PROBLEM TO SOLVE -
Each line of the records below that holds "transform" should be copied out.

MATERIAL PROVIDED -
■ ■ ■ ■ ■ ■ ■

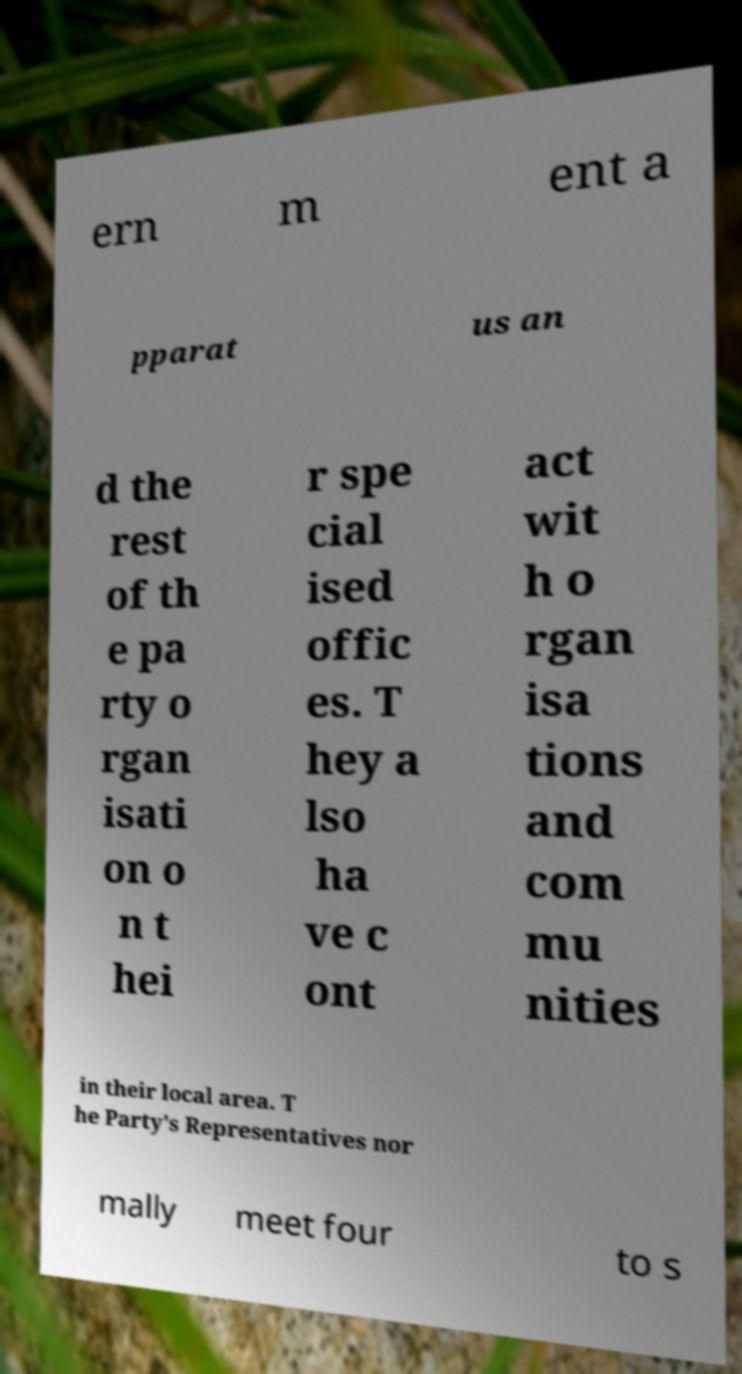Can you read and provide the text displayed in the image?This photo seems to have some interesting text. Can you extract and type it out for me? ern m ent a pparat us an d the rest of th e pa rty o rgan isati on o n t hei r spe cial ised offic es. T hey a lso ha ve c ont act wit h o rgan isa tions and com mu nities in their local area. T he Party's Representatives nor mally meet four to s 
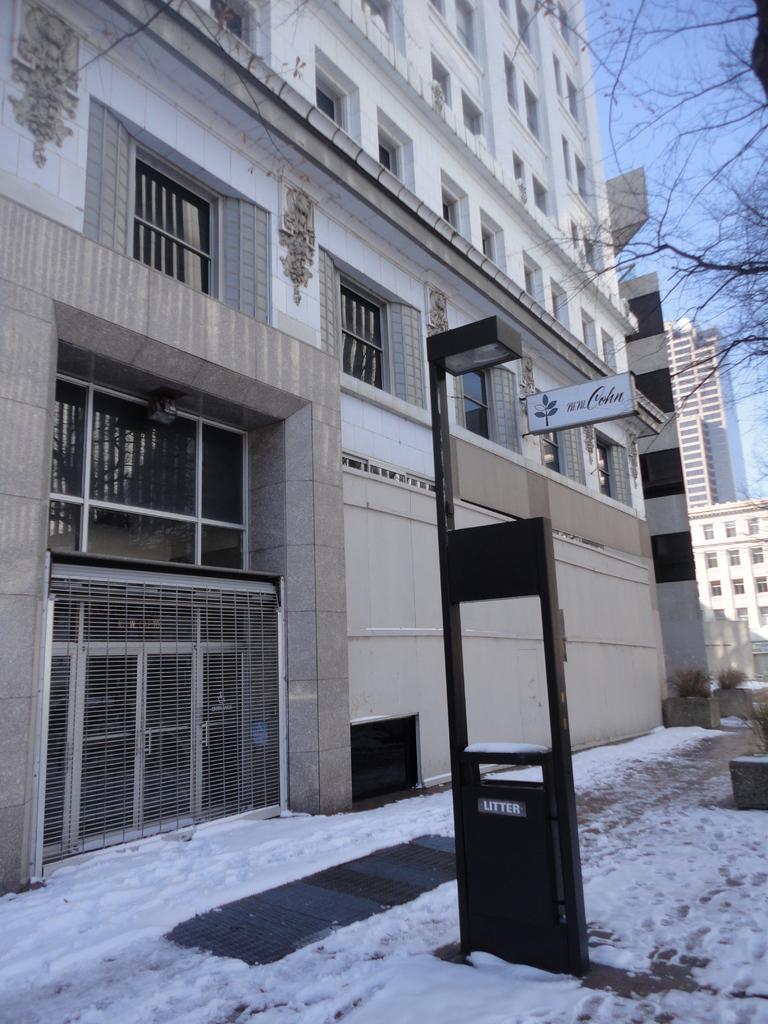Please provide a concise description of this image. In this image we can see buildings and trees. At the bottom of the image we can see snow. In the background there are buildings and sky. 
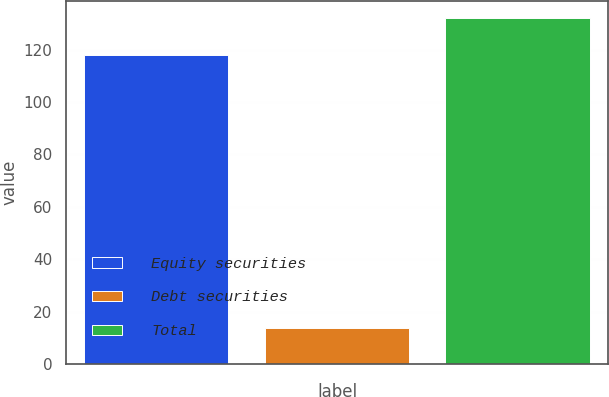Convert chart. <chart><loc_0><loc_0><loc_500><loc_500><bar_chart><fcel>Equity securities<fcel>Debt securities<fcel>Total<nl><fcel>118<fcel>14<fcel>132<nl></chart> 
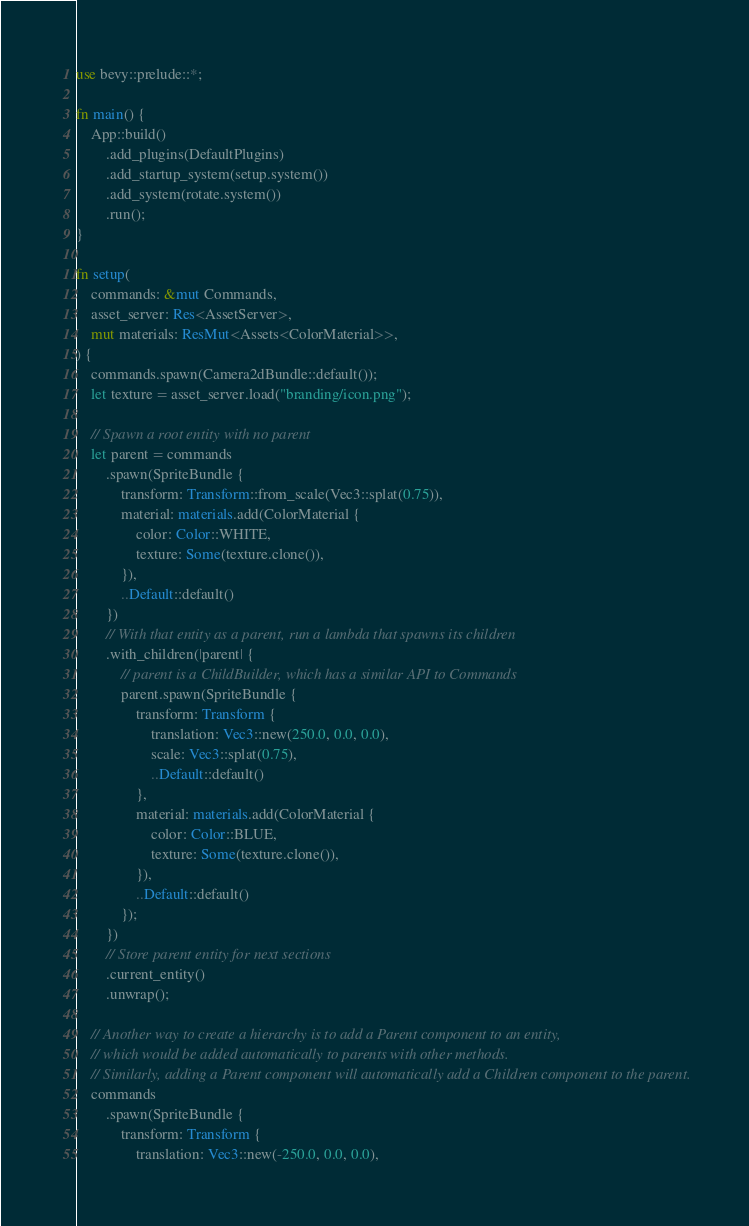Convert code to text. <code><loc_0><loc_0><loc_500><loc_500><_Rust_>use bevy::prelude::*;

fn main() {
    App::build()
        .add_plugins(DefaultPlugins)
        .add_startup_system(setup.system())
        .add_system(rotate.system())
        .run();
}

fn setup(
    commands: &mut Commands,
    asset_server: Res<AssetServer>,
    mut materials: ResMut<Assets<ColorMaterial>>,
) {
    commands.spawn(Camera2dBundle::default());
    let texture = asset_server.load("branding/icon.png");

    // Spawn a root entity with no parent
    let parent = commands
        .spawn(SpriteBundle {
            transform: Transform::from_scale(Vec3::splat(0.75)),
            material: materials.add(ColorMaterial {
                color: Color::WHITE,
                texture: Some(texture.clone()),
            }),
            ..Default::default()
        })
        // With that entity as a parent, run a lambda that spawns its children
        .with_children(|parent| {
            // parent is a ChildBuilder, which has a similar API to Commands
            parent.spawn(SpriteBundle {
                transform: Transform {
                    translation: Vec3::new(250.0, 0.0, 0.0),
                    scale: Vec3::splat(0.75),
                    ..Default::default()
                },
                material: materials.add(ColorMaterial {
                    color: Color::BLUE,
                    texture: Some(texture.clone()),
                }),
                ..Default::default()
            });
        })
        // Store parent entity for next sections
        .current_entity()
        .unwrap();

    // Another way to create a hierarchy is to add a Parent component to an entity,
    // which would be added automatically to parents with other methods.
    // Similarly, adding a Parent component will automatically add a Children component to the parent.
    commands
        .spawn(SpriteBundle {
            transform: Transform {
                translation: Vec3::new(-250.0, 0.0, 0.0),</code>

■ ■ ■ ■ ■ ■ ■

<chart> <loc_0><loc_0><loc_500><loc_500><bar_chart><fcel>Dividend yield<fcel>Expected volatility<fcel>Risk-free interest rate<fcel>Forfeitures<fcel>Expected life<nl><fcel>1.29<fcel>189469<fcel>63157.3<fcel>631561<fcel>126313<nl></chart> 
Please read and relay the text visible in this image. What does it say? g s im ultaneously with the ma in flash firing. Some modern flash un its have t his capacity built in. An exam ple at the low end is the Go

■ ■ ■ ■ ■ ■ ■

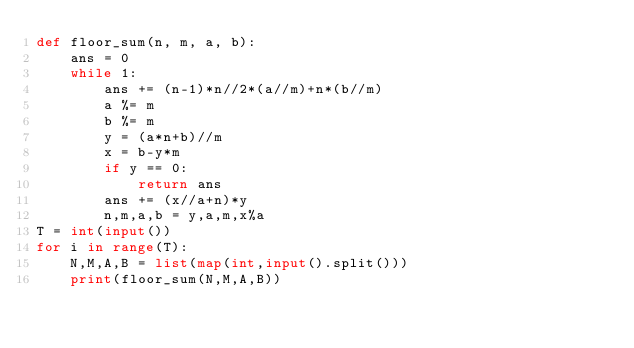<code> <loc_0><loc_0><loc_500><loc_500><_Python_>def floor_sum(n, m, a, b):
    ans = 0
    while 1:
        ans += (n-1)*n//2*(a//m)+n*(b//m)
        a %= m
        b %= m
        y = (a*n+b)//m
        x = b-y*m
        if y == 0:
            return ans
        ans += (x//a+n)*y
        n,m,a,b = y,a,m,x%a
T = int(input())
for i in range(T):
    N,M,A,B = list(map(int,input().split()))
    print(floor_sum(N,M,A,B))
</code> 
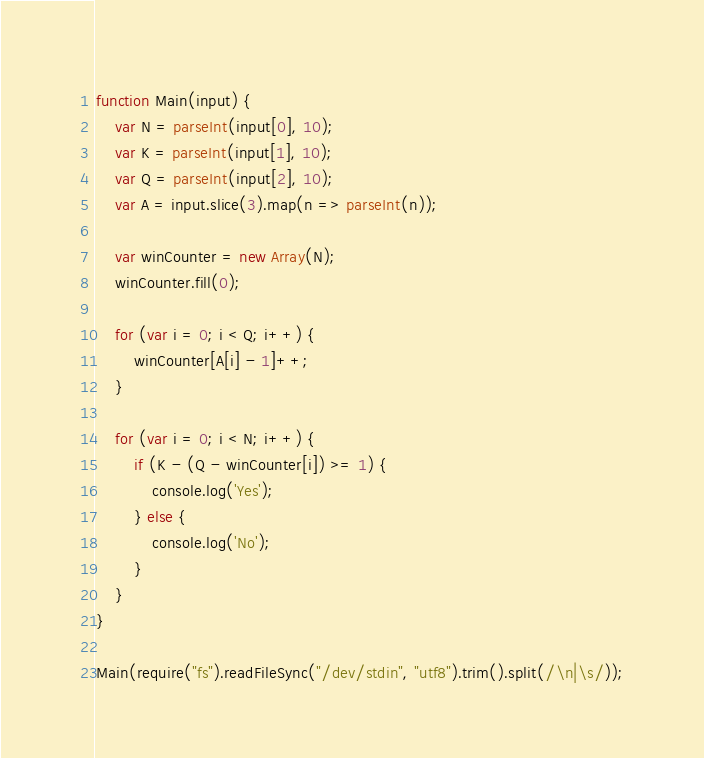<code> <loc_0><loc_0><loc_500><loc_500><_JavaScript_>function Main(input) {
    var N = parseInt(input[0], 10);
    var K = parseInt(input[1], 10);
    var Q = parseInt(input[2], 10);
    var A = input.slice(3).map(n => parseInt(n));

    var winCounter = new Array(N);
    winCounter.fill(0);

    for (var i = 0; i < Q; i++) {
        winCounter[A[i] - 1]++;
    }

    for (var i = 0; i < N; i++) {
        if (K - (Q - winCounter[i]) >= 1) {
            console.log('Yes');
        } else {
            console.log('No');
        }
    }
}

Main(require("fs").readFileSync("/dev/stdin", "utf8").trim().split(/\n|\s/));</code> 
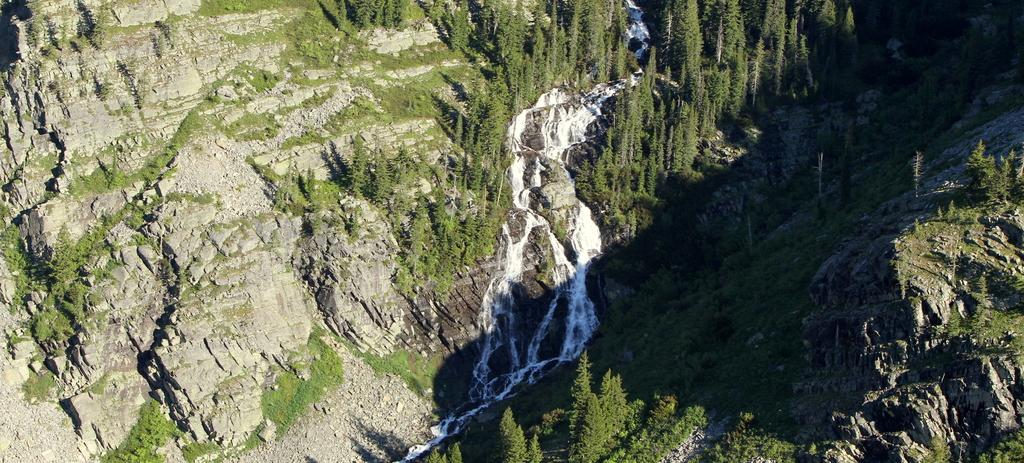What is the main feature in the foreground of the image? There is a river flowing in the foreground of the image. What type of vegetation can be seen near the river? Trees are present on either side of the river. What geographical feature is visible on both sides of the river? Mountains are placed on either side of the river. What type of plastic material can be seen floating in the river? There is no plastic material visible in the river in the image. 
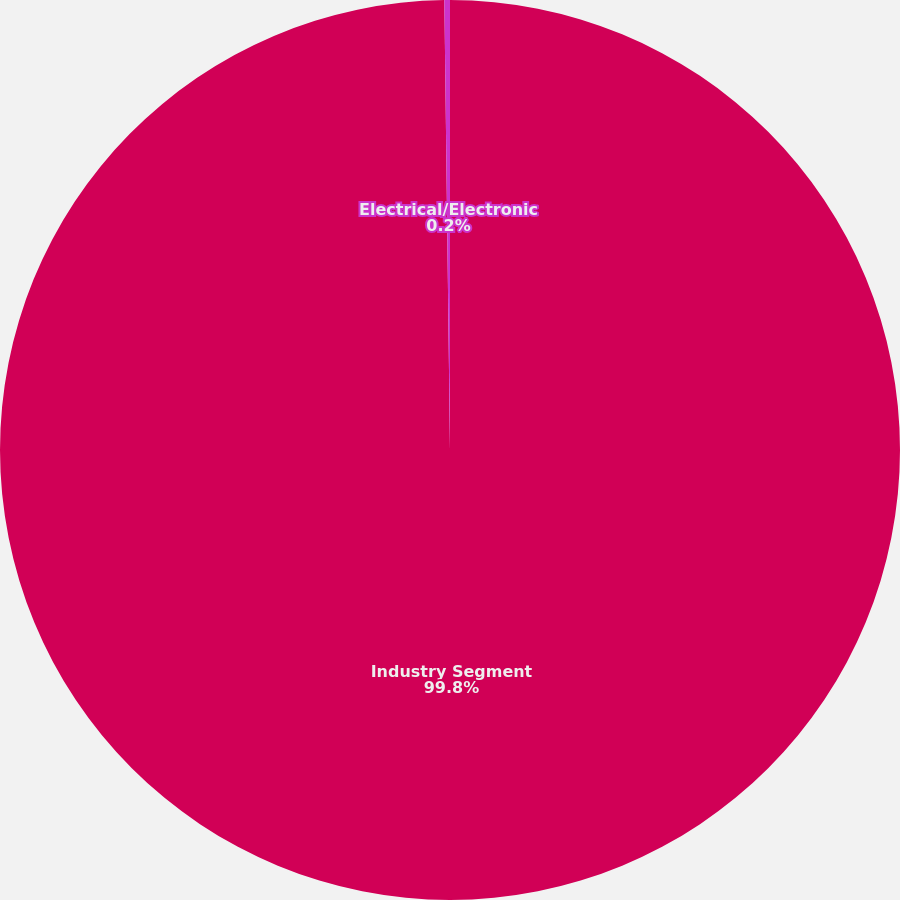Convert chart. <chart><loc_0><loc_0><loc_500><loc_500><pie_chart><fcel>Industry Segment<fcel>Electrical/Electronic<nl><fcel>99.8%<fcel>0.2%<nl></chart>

■ ■ ■ ■ ■ ■ ■

RESULT OF THIS EXERCISE -
            transform: Transform::from_scale(Vec3::splat(0.75)),
                transform: Transform {
            transform: Transform {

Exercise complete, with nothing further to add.